┌──

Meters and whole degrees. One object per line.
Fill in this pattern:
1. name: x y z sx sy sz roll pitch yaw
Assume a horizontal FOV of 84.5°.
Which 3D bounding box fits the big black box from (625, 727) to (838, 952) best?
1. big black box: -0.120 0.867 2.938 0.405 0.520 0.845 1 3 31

└──

• _What needs to be done_
Only the lines from the one containing "Which 3D bounding" through the last line of the entries above should be copied, exactly as written.

• _Output for this exercise_
Which 3D bounding box fits the big black box from (625, 727) to (838, 952) best?
1. big black box: -0.120 0.867 2.938 0.405 0.520 0.845 1 3 31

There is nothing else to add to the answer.